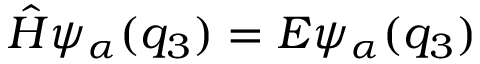Convert formula to latex. <formula><loc_0><loc_0><loc_500><loc_500>\hat { H } \psi _ { \alpha } ( q _ { 3 } ) = E \psi _ { \alpha } ( q _ { 3 } )</formula> 
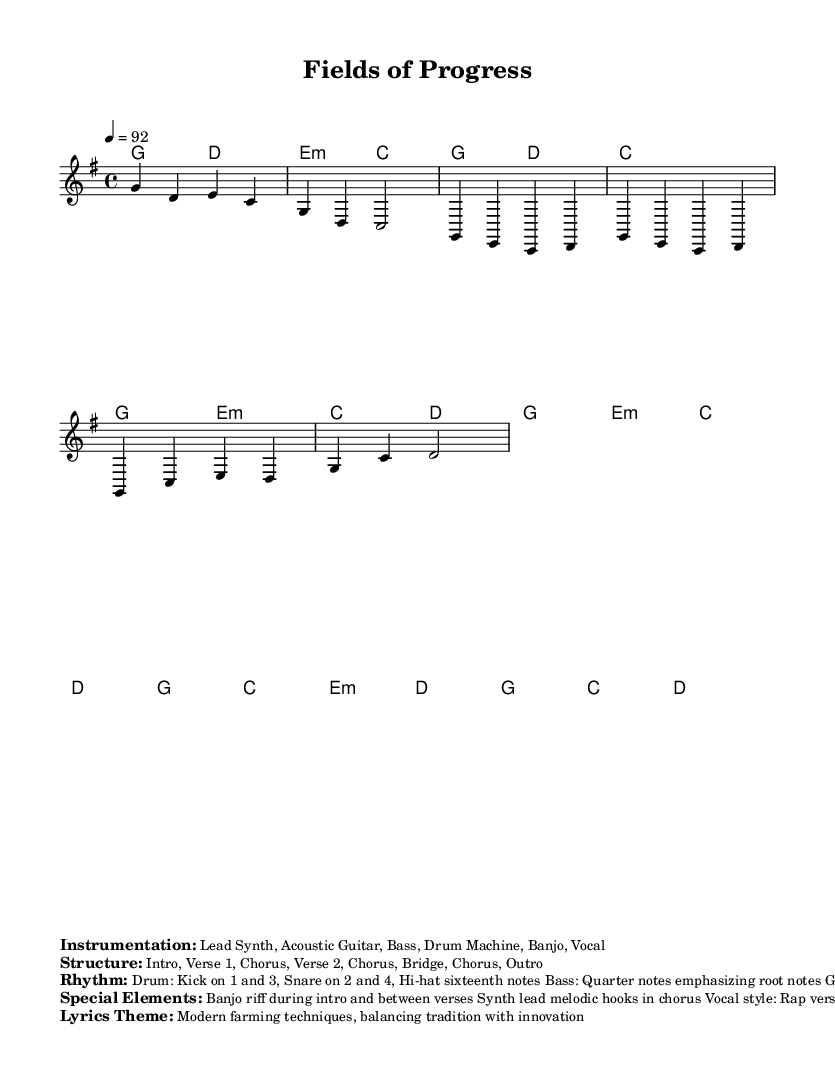What is the key signature of this music? The key signature is G major, which has one sharp (F#). This can be determined by looking at the key signature marking at the beginning of the sheet music.
Answer: G major What is the time signature of this music? The time signature is 4/4, indicated at the beginning of the music. This means there are four beats in each measure, and the quarter note receives one beat.
Answer: 4/4 What is the tempo marking for this music? The tempo is marked as 92 beats per minute, which can be found in the tempo marking at the start of the score. This indicates the speed at which the music should be played.
Answer: 92 How many verses are in the structure of the song? The structure includes two verses, as indicated by the breakdown of sections in the "Structure" markup. Each verse follows the chorus in the overall outline.
Answer: 2 What is the main instrumentation used in this piece? The primary instruments listed are Lead Synth, Acoustic Guitar, Bass, Drum Machine, Banjo, and Vocals. This information is provided under the "Instrumentation" section of the markup.
Answer: Lead Synth, Acoustic Guitar, Bass, Drum Machine, Banjo, Vocal What rhythmic elements are emphasized in the drum pattern of this music? The drum pattern emphasizes the kick on beats 1 and 3, and the snare on beats 2 and 4, with hi-hat playing sixteenth notes in between. This is detailed in the "Rhythm" section of the markup and reflects the hip hop fusion style.
Answer: Kick on 1 and 3, Snare on 2 and 4 What is the lyrical theme of this song? The lyrics focus on modern farming techniques, balancing tradition with innovation. This is explicitly stated in the "Lyrics Theme" section of the markup.
Answer: Modern farming techniques, balancing tradition with innovation 
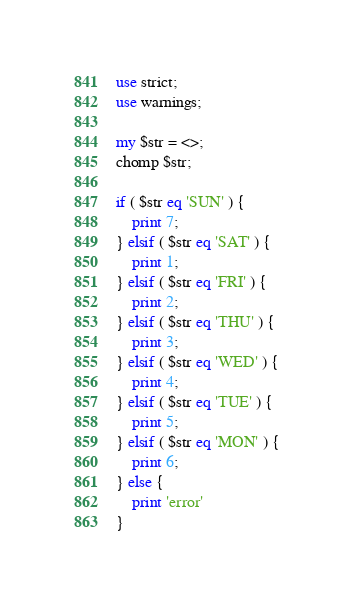Convert code to text. <code><loc_0><loc_0><loc_500><loc_500><_Perl_>use strict;
use warnings;

my $str = <>;
chomp $str;

if ( $str eq 'SUN' ) {
    print 7;
} elsif ( $str eq 'SAT' ) {
    print 1;
} elsif ( $str eq 'FRI' ) {
    print 2;
} elsif ( $str eq 'THU' ) {
    print 3;
} elsif ( $str eq 'WED' ) {
    print 4;
} elsif ( $str eq 'TUE' ) {
    print 5;
} elsif ( $str eq 'MON' ) {
    print 6;
} else {
    print 'error'
}

</code> 
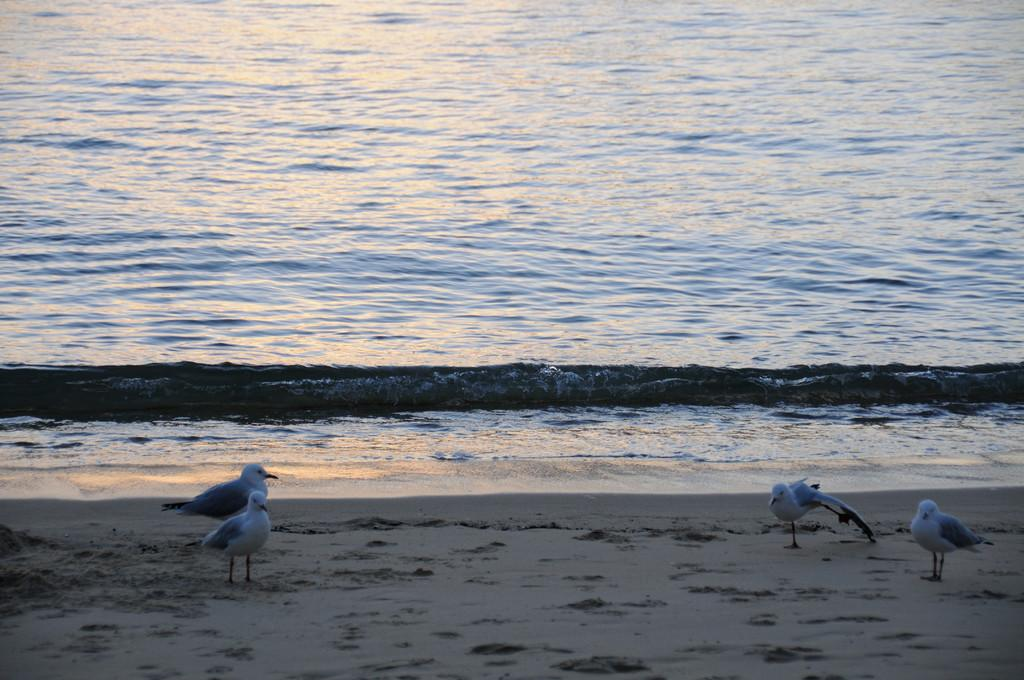How many birds are present in the image? There are four birds in the image. Where are the birds located in the image? The birds are standing on the beach. What natural feature can be seen behind the birds? The ocean is visible behind the birds. What type of question is being asked by one of the birds in the image? There is no indication in the image that any of the birds are asking a question. 
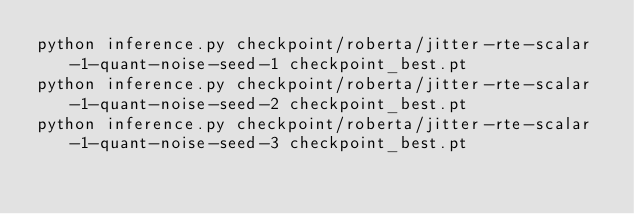<code> <loc_0><loc_0><loc_500><loc_500><_Bash_>python inference.py checkpoint/roberta/jitter-rte-scalar-1-quant-noise-seed-1 checkpoint_best.pt  
python inference.py checkpoint/roberta/jitter-rte-scalar-1-quant-noise-seed-2 checkpoint_best.pt  
python inference.py checkpoint/roberta/jitter-rte-scalar-1-quant-noise-seed-3 checkpoint_best.pt  
</code> 
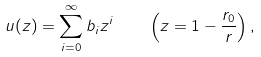<formula> <loc_0><loc_0><loc_500><loc_500>u ( z ) = \sum _ { i = 0 } ^ { \infty } b _ { i } z ^ { i } \, \quad \left ( z = 1 - \frac { r _ { 0 } } { r } \right ) ,</formula> 
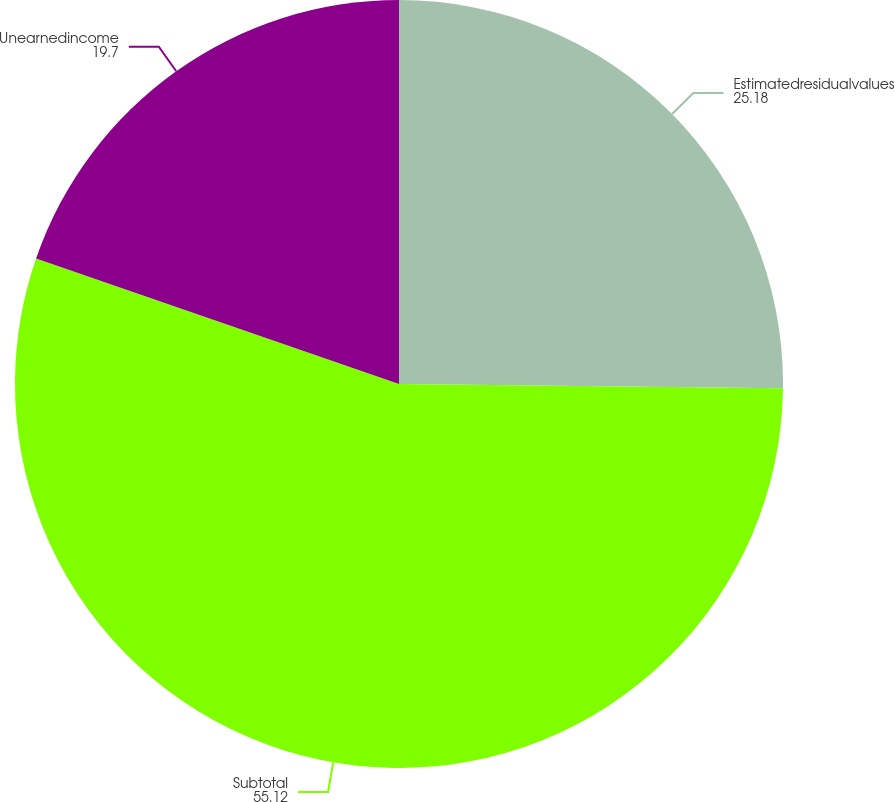Convert chart. <chart><loc_0><loc_0><loc_500><loc_500><pie_chart><fcel>Estimatedresidualvalues<fcel>Subtotal<fcel>Unearnedincome<nl><fcel>25.18%<fcel>55.12%<fcel>19.7%<nl></chart>

■ ■ ■ ■ ■ ■ ■

# EXERCISE BRIEF
What lines above hold the word "Answer"? List them all.

# EXERCISE OUTPUT
Answer: G major What is the time signature of this music? The time signature is 4/4, indicated at the beginning of the music. This means there are four beats in each measure, and the quarter note receives one beat.
Answer: 4/4 What is the tempo marking for this music? The tempo is marked as 92 beats per minute, which can be found in the tempo marking at the start of the score. This indicates the speed at which the music should be played.
Answer: 92 How many verses are in the structure of the song? The structure includes two verses, as indicated by the breakdown of sections in the "Structure" markup. Each verse follows the chorus in the overall outline.
Answer: 2 What is the main instrumentation used in this piece? The primary instruments listed are Lead Synth, Acoustic Guitar, Bass, Drum Machine, Banjo, and Vocals. This information is provided under the "Instrumentation" section of the markup.
Answer: Lead Synth, Acoustic Guitar, Bass, Drum Machine, Banjo, Vocal What rhythmic elements are emphasized in the drum pattern of this music? The drum pattern emphasizes the kick on beats 1 and 3, and the snare on beats 2 and 4, with hi-hat playing sixteenth notes in between. This is detailed in the "Rhythm" section of the markup and reflects the hip hop fusion style.
Answer: Kick on 1 and 3, Snare on 2 and 4 What is the lyrical theme of this song? The lyrics focus on modern farming techniques, balancing tradition with innovation. This is explicitly stated in the "Lyrics Theme" section of the markup.
Answer: Modern farming techniques, balancing tradition with innovation 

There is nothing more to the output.